- الصفحة الرئيسية
- المنشورات
- BULLETIN ARCHIVE
- Issue 80 Year: 2012
- 11 Eylül Sonrası Küresel Sistemde Dönüşüm
11 Eylül Sonrası Küresel Sistemde Dönüşüm
Fuat Keyman
22 Eylül 2012
Değerlendirme: Bilal Yıldırım
“Küresele Kuramsal Bakışlar” toplantı dizisinin dördüncüsünde, İstanbul Politikalar Merkezi direktörü ve Sabancı Üniversitesi Uluslararası İlişkiler Bölümü öğretim üyesi Prof. Dr. Fuat Keyman’ı misafir ettik. Keyman, üzerinden on bir yıl geçen 11 Eylül saldırılarının küresel sistemde yol açtığı dönüşümü değerlendirdi.

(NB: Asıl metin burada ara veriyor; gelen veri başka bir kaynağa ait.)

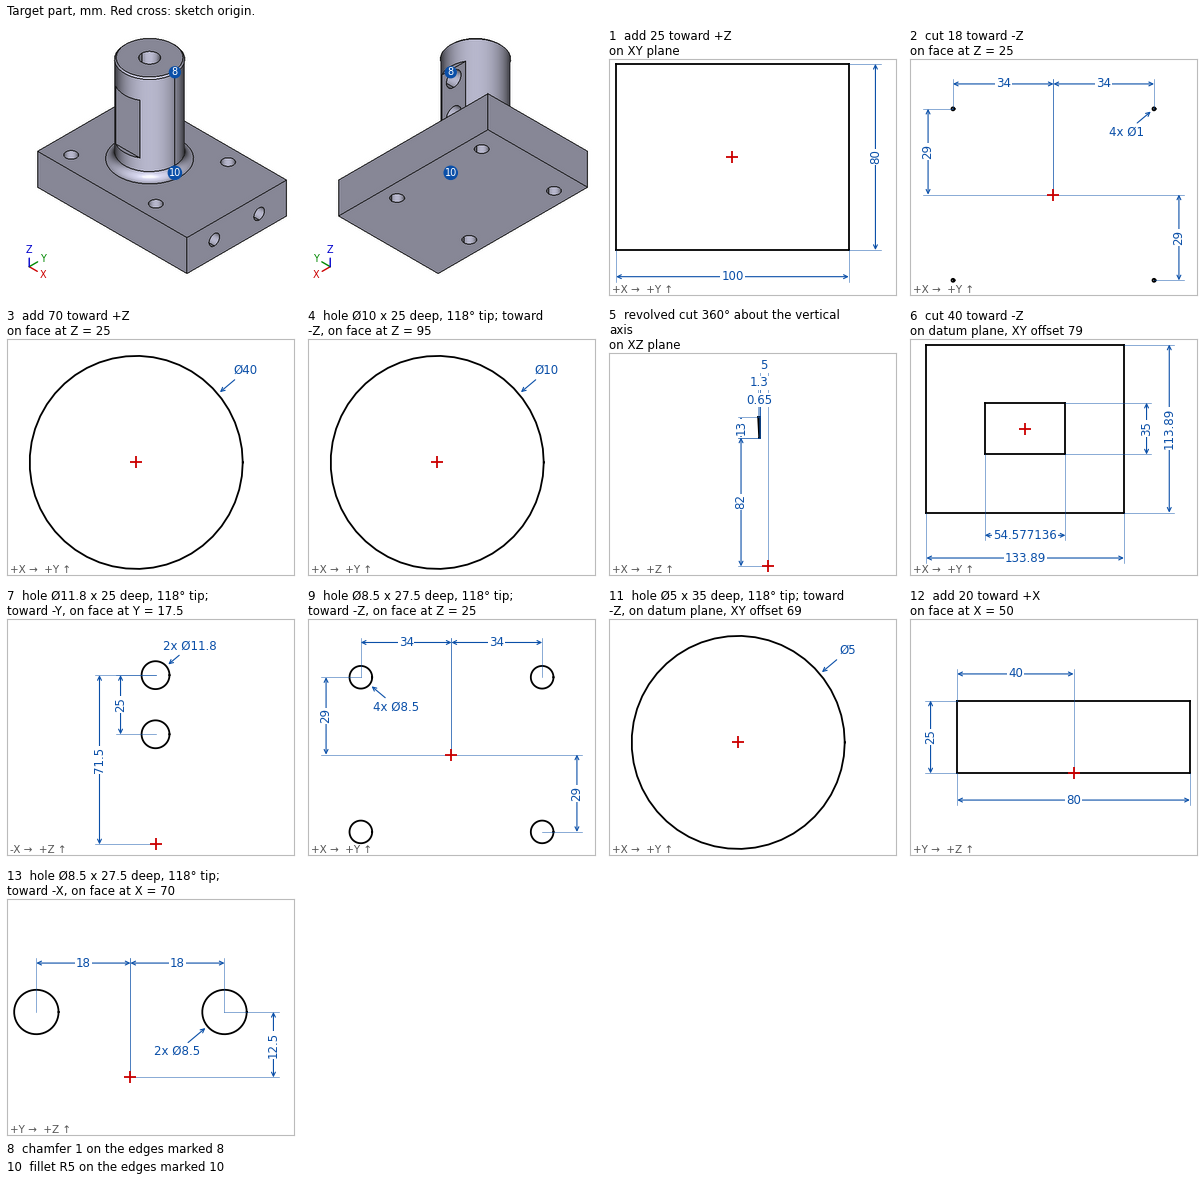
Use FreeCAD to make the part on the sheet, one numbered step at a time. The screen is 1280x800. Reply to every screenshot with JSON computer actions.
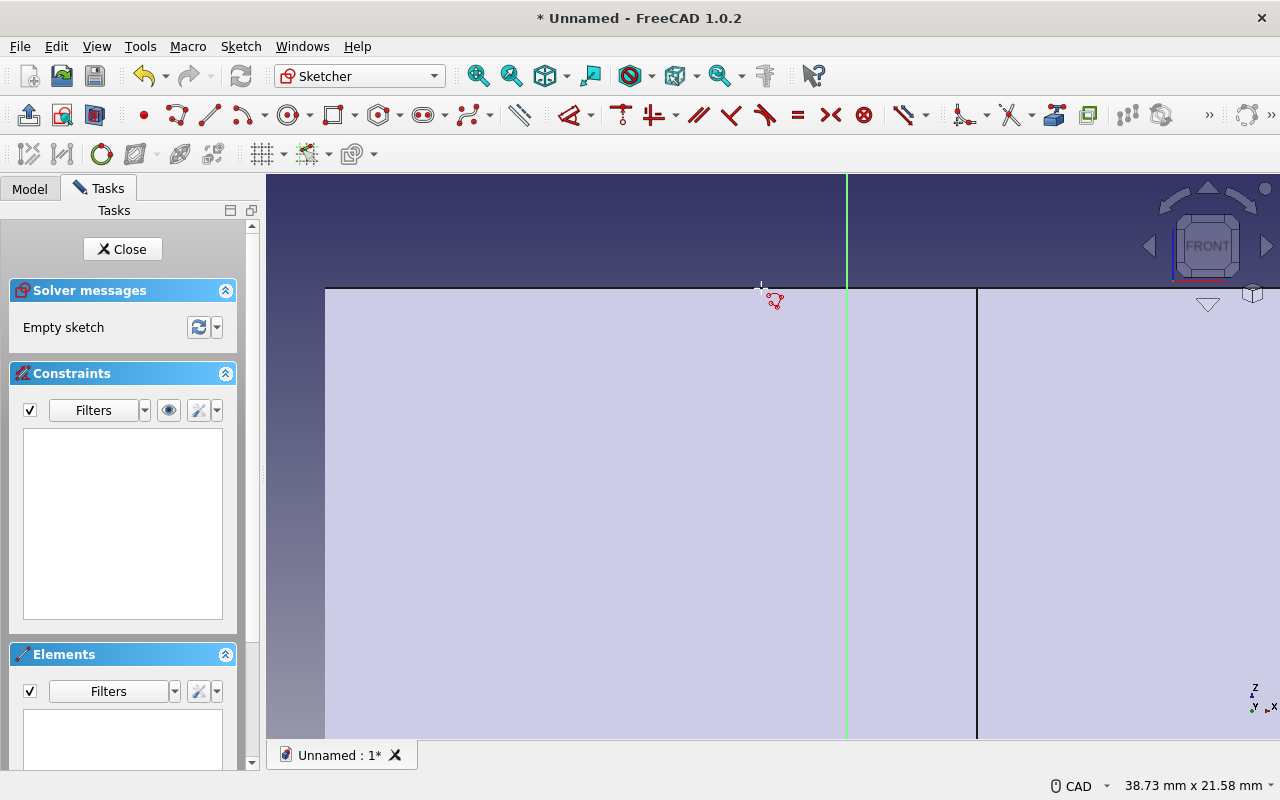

Uluslararası ilişkilere eleştirel teoriler perspektifinden bakan Keyman, küreselleşen dünyayı, kimliği ve devletin rolünü bu çerçevede değerlendiriyor. 1981-1996 yılları arasında yapılan modernite eleştirilerinin prematüre olduğunu ve bugün bu eleştirilerin daha ileri boyutlara taşınması gerektiğini düşünüyor. Çünkü meta-teorik düzeyde yapılan kimlik tartışmalarından kimliğin ontolojik meydan okumalarla siyasi önem kazandığı bir sürece gelinmiş durumda. Keyman’a göre, dünyanın daha riskli hale geldiği bu dönemde, uluslararası ilişkileri sadece meta-teorik ve yöntemsel düzeyde tartışmak yetersiz. Dolayısıyla teorileri bu risklere cevap verebilecek tarzda yeniden düşünmek gerekiyor.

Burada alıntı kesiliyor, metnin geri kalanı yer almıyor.